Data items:
=======
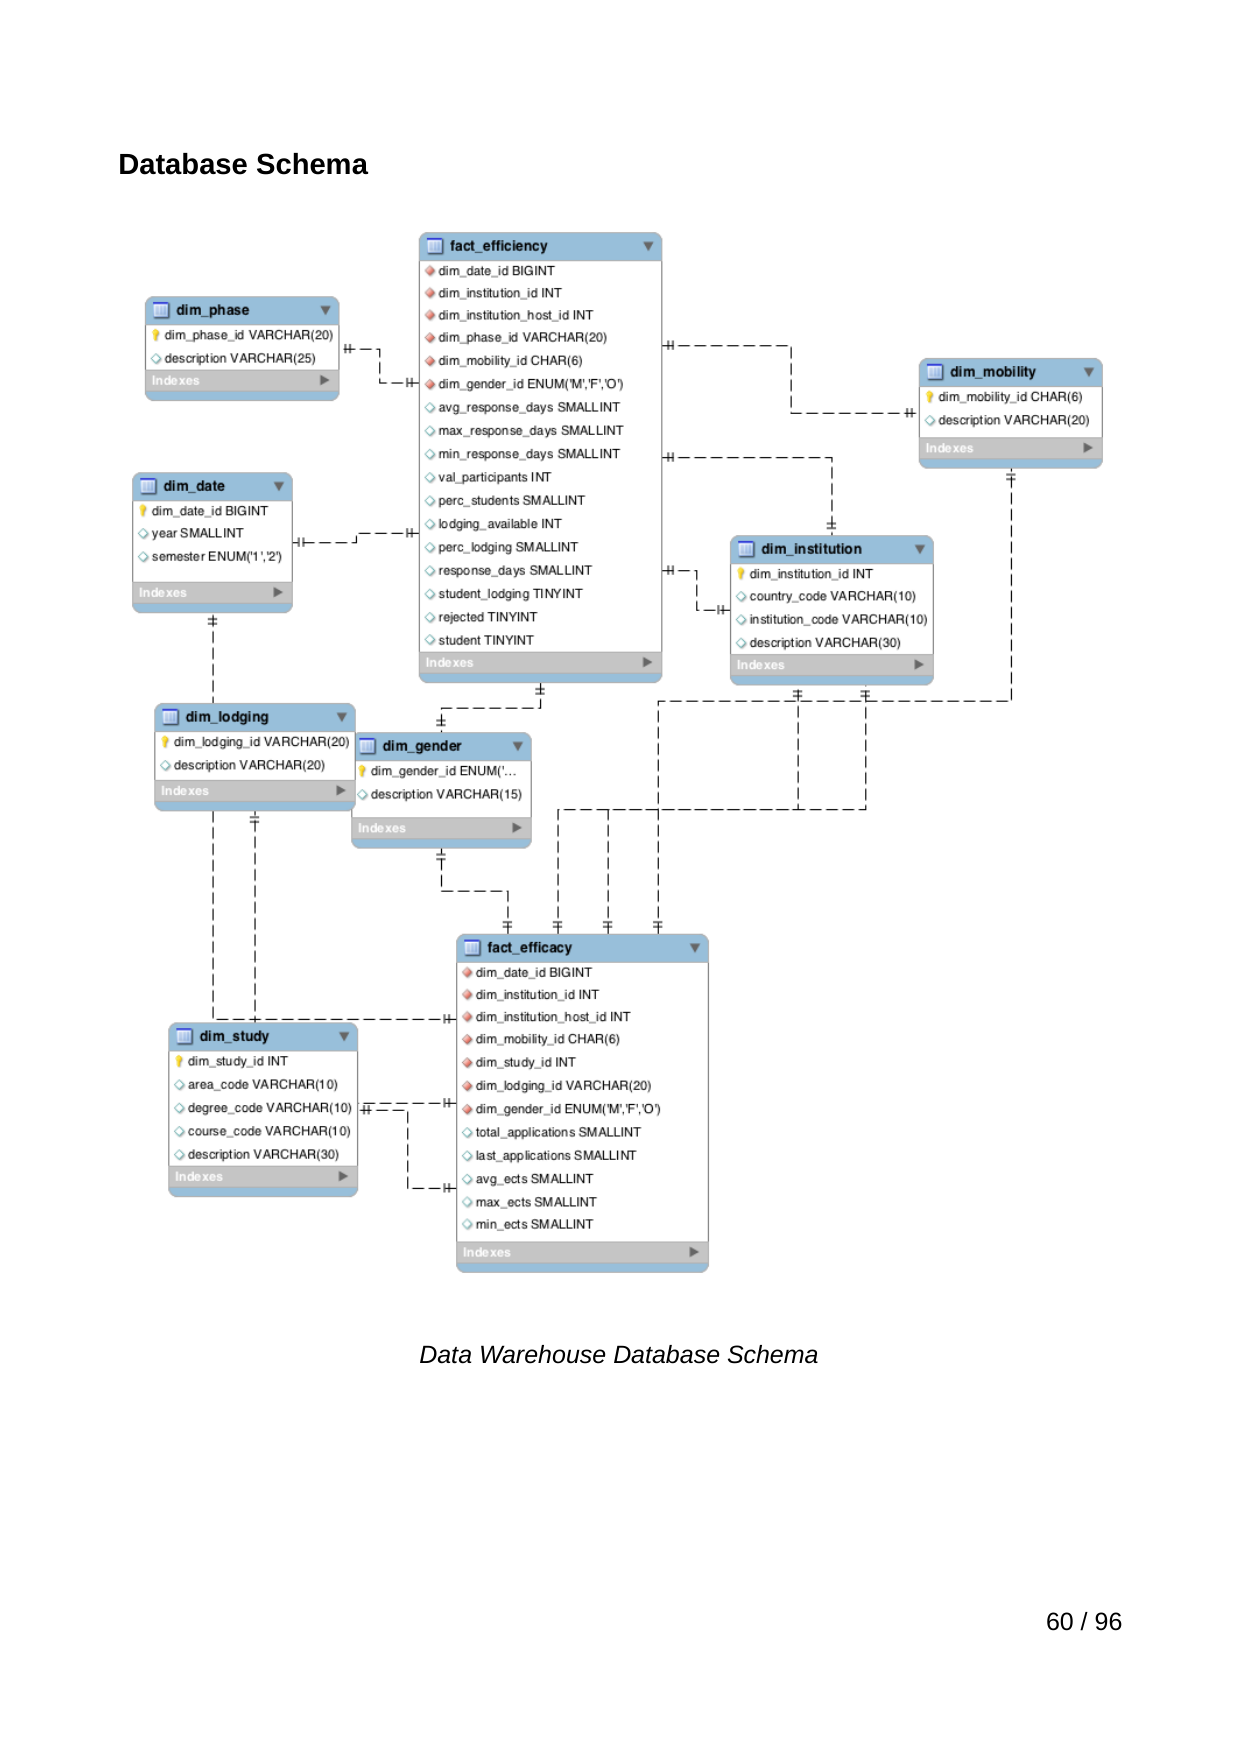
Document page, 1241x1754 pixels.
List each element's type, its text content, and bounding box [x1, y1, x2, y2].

text Data Warehouse Database Schema [124, 1340, 1116, 1369]
subtitle Database Schema [118, 147, 1122, 181]
picture [124, 224, 1117, 1287]
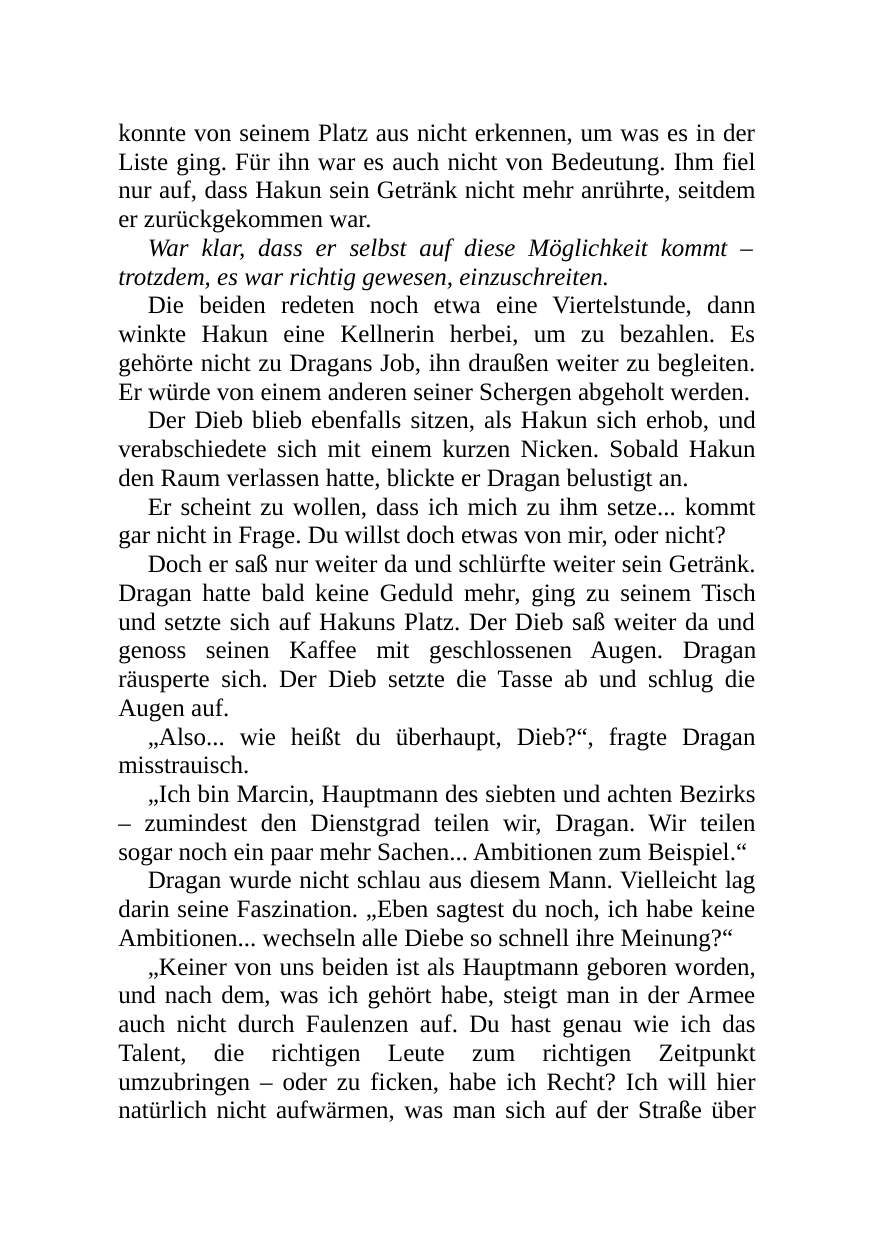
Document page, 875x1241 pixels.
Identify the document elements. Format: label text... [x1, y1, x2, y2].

text „Also... wie heißt du überhaupt, Dieb?“, fragte Dragan misstrauisch. [118, 722, 756, 779]
text „Keiner von uns beiden ist als Hauptmann geboren worden, und nach dem, was ich gehört habe, steigt man in der Armee auch nicht durch Faulenzen auf. Du hast genau wie ich das Talent, die richtigen Leute zum richtigen Zeitpunkt umzubringen – oder zu ficken, habe ich Recht? Ich will hier natürlich nicht aufwärmen, was man sich auf der Straße über [118, 952, 756, 1124]
text Doch er saß nur weiter da und schlürfte weiter sein Getränk. Dragan hatte bald keine Geduld mehr, ging zu seinem Tisch und setzte sich auf Hakuns Platz. Der Dieb saß weiter da und genoss seinen Kaffee mit geschlossenen Augen. Dragan räusperte sich. Der Dieb setzte die Tasse ab und schlug die Augen auf. [118, 549, 756, 722]
text Dragan wurde nicht schlau aus diesem Mann. Vielleicht lag darin seine Faszination. „Eben sagtest du noch, ich habe keine Ambitionen... wechseln alle Diebe so schnell ihre Meinung?“ [118, 866, 756, 952]
text konnte von seinem Platz aus nicht erkennen, um was es in der Liste ging. Für ihn war es auch nicht von Bedeutung. Ihm fiel nur auf, dass Hakun sein Getränk nicht mehr anrührte, seitdem er zurückgekommen war. [118, 118, 756, 233]
text „Ich bin Marcin, Hauptmann des siebten und achten Bezirks – zumindest den Dienstgrad teilen wir, Dragan. Wir teilen sogar noch ein paar mehr Sachen... Ambitionen zum Beispiel.“ [118, 779, 756, 866]
text Die beiden redeten noch etwa eine Viertelstunde, dann winkte Hakun eine Kellnerin herbei, um zu bezahlen. Es gehörte nicht zu Dragans Job, ihn draußen weiter zu begleiten. Er würde von einem anderen seiner Schergen abgeholt werden. [118, 291, 756, 406]
text Er scheint zu wollen, dass ich mich zu ihm setze... kommt gar nicht in Frage. Du willst doch etwas von mir, oder nicht? [118, 492, 756, 549]
text War klar, dass er selbst auf diese Möglichkeit kommt – trotzdem, es war richtig gewesen, einzuschreiten. [118, 233, 756, 291]
text Der Dieb blieb ebenfalls sitzen, als Hakun sich erhob, und verabschiedete sich mit einem kurzen Nicken. Sobald Hakun den Raum verlassen hatte, blickte er Dragan belustigt an. [118, 406, 756, 492]
=======
Your objective: Take each line above that contains "Getränk" and copy it out.

Response for this exercise:
text Doch er saß nur weiter da und schlürfte weiter sein Getränk. Dragan hatte bald keine Geduld mehr, ging zu seinem Tisch und setzte sich auf Hakuns Platz. Der Dieb saß weiter da und genoss seinen Kaffee mit geschlossenen Augen. Dragan räusperte sich. Der Dieb setzte die Tasse ab und schlug die Augen auf. [118, 549, 756, 722]
text konnte von seinem Platz aus nicht erkennen, um was es in der Liste ging. Für ihn war es auch nicht von Bedeutung. Ihm fiel nur auf, dass Hakun sein Getränk nicht mehr anrührte, seitdem er zurückgekommen war. [118, 118, 756, 233]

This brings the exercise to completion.